**Task goal**
The lines to copy are those with "object" in them. Pull each one from the entries below.

**Data to use**

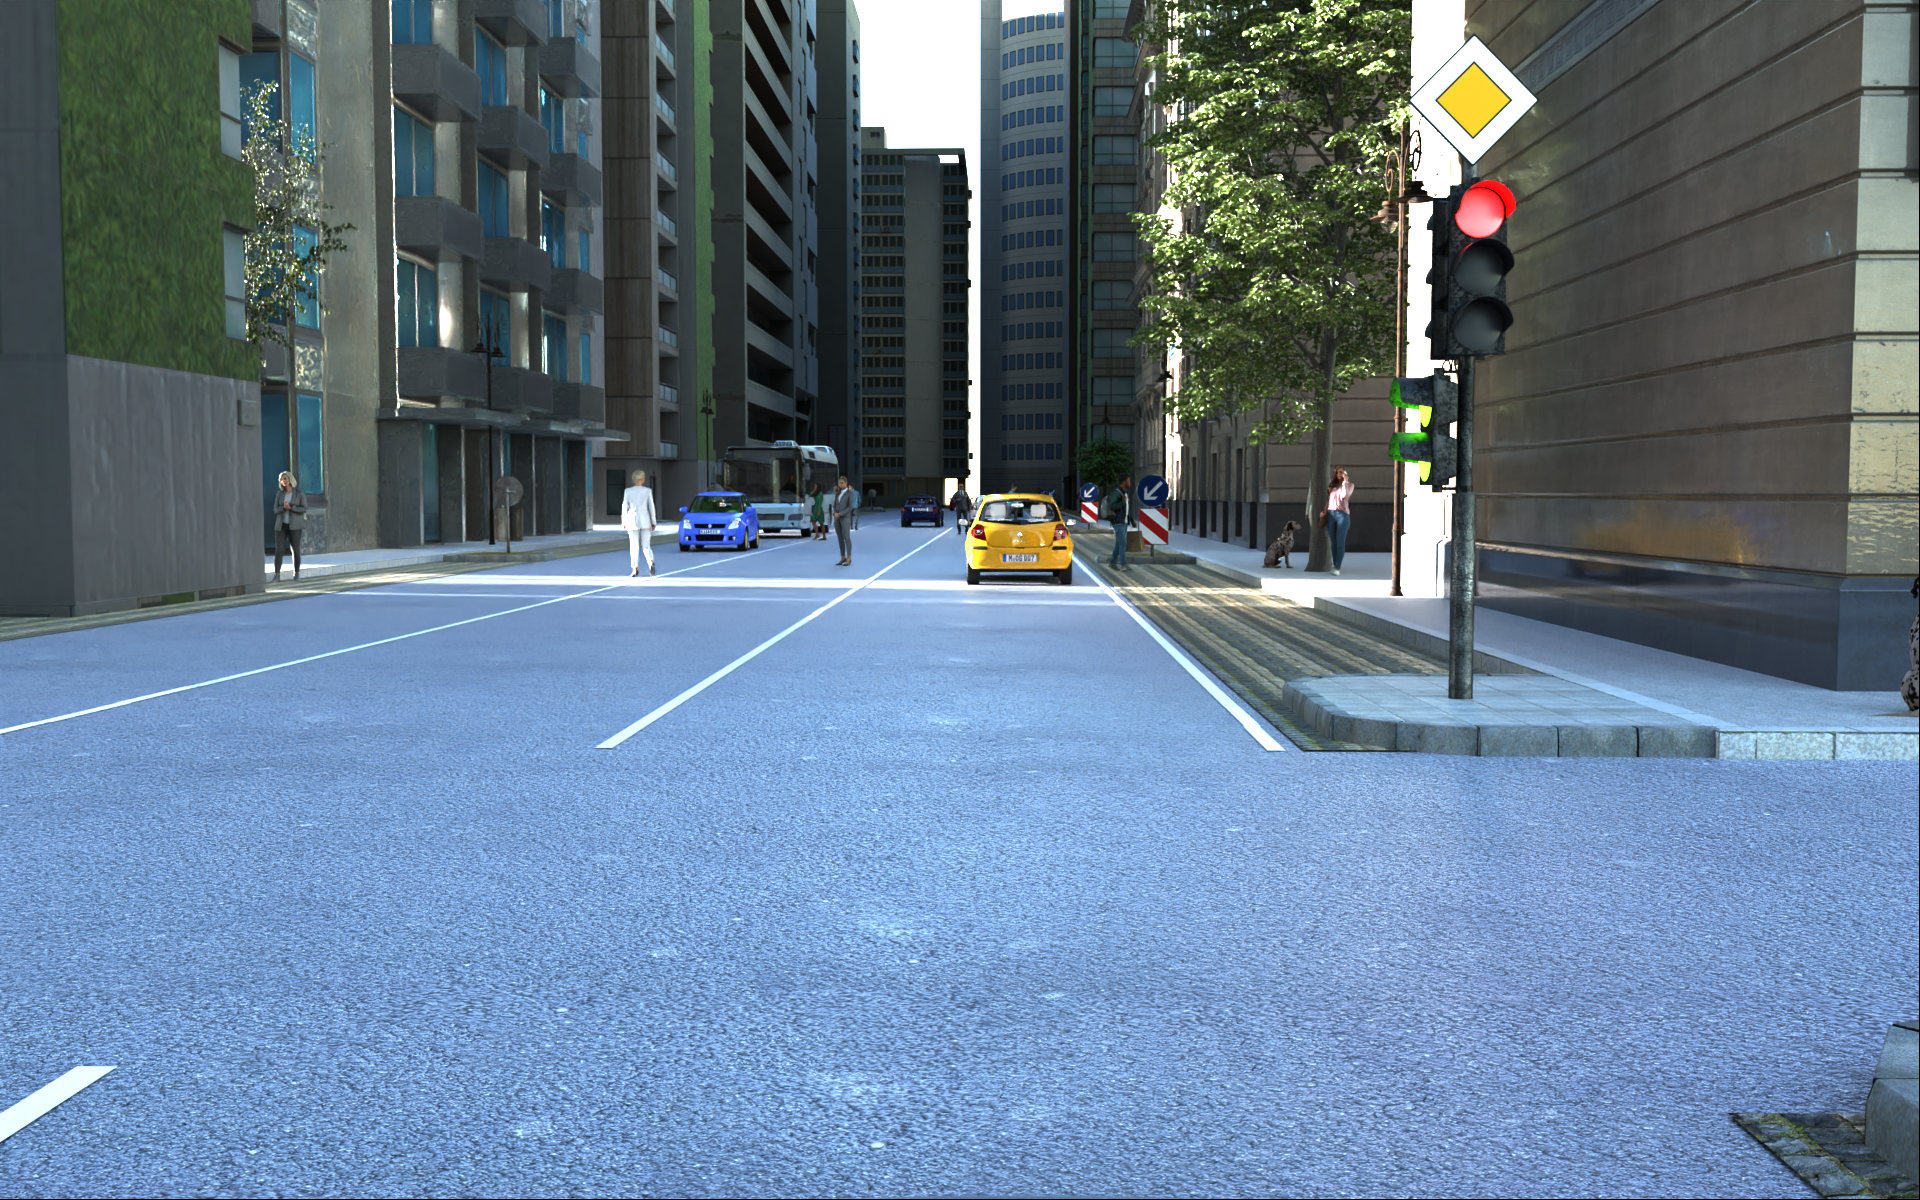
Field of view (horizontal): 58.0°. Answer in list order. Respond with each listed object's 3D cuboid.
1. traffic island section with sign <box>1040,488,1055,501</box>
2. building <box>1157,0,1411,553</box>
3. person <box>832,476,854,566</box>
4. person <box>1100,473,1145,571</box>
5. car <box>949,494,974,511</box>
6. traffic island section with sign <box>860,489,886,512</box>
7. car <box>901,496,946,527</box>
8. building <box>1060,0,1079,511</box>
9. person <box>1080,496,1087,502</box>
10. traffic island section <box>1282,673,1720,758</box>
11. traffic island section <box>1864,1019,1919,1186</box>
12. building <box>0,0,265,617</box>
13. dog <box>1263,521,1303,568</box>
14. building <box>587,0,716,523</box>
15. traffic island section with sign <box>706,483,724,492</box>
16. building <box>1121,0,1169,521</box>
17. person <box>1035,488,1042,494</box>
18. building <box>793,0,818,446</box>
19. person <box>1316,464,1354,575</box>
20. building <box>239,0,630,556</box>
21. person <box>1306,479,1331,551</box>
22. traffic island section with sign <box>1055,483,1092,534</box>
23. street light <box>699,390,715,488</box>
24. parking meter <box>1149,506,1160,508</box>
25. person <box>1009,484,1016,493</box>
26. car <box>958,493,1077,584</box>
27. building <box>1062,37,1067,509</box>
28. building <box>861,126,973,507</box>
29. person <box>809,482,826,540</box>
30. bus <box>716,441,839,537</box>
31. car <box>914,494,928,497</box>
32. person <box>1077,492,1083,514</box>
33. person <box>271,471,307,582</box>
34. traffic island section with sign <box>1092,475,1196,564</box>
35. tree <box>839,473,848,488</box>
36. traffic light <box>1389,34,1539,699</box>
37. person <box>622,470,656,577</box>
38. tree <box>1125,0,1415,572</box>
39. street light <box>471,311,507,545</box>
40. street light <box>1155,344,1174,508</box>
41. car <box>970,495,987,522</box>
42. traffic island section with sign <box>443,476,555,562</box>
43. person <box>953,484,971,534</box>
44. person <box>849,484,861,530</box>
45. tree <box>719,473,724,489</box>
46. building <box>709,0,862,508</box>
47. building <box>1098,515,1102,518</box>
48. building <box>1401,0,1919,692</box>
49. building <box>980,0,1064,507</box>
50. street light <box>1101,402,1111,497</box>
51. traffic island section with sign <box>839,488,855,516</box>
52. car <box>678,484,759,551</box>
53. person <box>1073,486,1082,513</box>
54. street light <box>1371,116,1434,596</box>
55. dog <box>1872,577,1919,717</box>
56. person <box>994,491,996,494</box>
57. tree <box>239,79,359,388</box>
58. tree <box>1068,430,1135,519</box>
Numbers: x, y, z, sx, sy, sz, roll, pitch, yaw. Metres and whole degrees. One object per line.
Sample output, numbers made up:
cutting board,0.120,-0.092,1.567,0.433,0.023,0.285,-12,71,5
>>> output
traffic island section with sign,5.877,-6.399,113.243,1.989,1.847,2.006,0,4,2
building,12.676,-15.407,49.173,12.463,27.353,25.104,0,4,2
person,-2.388,-1.591,34.793,0.520,1.790,0.573,1,4,21
person,3.003,-1.429,31.851,0.713,1.824,0.794,3,5,44
car,0.075,-8.561,149.015,2.155,1.783,4.494,0,4,3
traffic island section with sign,-7.044,-8.030,139.918,1.989,1.847,2.006,0,4,2
car,-1.627,-3.891,76.195,1.945,1.354,3.894,0,4,2
building,15.484,-29.951,139.805,14.600,45.320,14.200,0,4,2
person,7.791,-6.104,106.782,0.756,1.711,0.436,-1,4,-19
traffic island section,3.167,0.697,10.886,2.009,0.180,2.903,0,4,2
traffic island section,2.957,1.185,2.903,2.009,0.180,2.903,0,4,2
building,-17.281,-20.406,17.237,14.154,41.232,14.086,0,4,2
dog,5.497,-0.965,30.151,0.513,0.831,0.800,-3,4,-36
building,-19.229,-24.107,77.738,14.154,41.232,14.086,0,4,2
traffic island section with sign,-9.055,-3.383,63.933,1.989,1.847,2.006,0,4,2
building,14.436,-17.494,73.411,14.401,28.519,23.554,0,4,2
person,4.705,-5.827,103.869,1.348,1.812,0.705,0,4,1
building,-24.545,-32.535,121.181,28.713,52.752,27.495,0,4,2
person,5.997,-1.277,27.506,0.593,1.750,0.643,3,5,40
building,-22.898,-26.163,47.371,23.786,49.044,30.456,0,4,2
person,6.349,-1.501,30.467,0.514,1.842,0.818,0,4,1
traffic island section with sign,4.558,-3.323,62.962,1.989,1.847,2.006,0,4,2
street light,-11.032,-6.294,75.692,0.468,5.910,1.993,0,4,2
parking meter,5.711,-2.609,51.061,0.372,1.533,0.369,0,3,0
person,2.101,-3.789,70.317,0.748,1.841,0.638,3,5,39
car,0.963,-1.142,28.890,2.015,1.641,3.980,0,4,1
building,16.091,-28.773,154.035,14.154,41.232,14.086,0,4,2
building,-10.753,-30.195,185.566,23.993,40.220,32.217,0,4,2
person,-4.357,-2.740,53.553,0.529,1.795,0.600,-2,4,-27
bus,-6.145,-4.039,60.896,2.948,3.499,13.247,0,4,1
car,-3.517,-8.960,158.503,2.014,1.417,4.499,0,4,0
person,7.981,-6.493,112.195,0.705,1.826,1.348,-3,4,-39
person,-10.881,-1.189,28.119,0.537,1.800,0.526,0,4,3
traffic island section with sign,3.841,-1.675,36.017,1.989,1.847,2.006,0,4,2
tree,-10.480,-8.936,140.708,1.663,3.219,1.824,0,3,0
traffic light,3.128,-1.336,10.773,0.839,4.253,0.868,0,4,2
person,-5.458,-1.297,29.589,0.514,1.842,0.818,-2,4,-30
tree,6.377,-6.750,28.491,7.486,12.596,7.792,0,3,0
street light,-11.895,-4.346,43.845,0.468,5.910,1.993,0,4,2
street light,6.320,-4.945,53.640,0.468,5.910,1.993,0,4,2
car,1.447,-4.252,81.880,2.083,1.381,4.827,0,4,3
traffic island section with sign,-9.758,-1.734,36.987,1.989,1.847,2.006,0,4,2
person,0.080,-3.234,61.545,0.661,1.801,0.590,-1,4,-11
person,-4.296,-3.723,69.229,0.638,1.841,0.748,0,4,-3
tree,-10.996,-5.509,84.667,1.663,3.219,1.824,0,3,0
building,-20.001,-32.311,151.989,21.600,48.544,21.300,0,4,2
building,14.187,-25.321,97.600,14.154,41.232,14.086,0,4,2
building,15.576,-14.093,16.330,20.117,28.700,13.634,0,4,2
building,16.127,-38.985,179.402,28.212,58.520,21.231,0,4,2
street light,7.184,-6.893,85.488,0.468,5.910,1.993,0,4,2
traffic island section with sign,-7.754,-6.382,112.972,1.989,1.847,2.006,0,4,2
car,-6.168,-2.133,44.471,1.945,1.707,3.694,0,3,0
person,8.192,-6.747,116.499,0.705,1.807,1.348,-3,5,-45
street light,5.493,-2.988,21.634,0.468,5.910,1.993,0,4,2
dog,5.591,0.260,10.134,0.800,0.831,0.513,-1,4,-22
person,3.305,-9.247,160.415,1.217,1.736,0.721,-2,4,-31
tree,-12.674,-4.869,29.973,4.360,8.622,3.978,0,3,0
tree,7.273,-6.421,88.703,4.285,4.588,4.351,0,3,0

**Task solution**
Field of view (horizontal): 58.0°. Answer in list order. Respond with each listed object's 3D cuboid.
Numbers: x, y, z, sx, sy, sz, roll, pitch, yaw. Metres and whole degrees. One object per line.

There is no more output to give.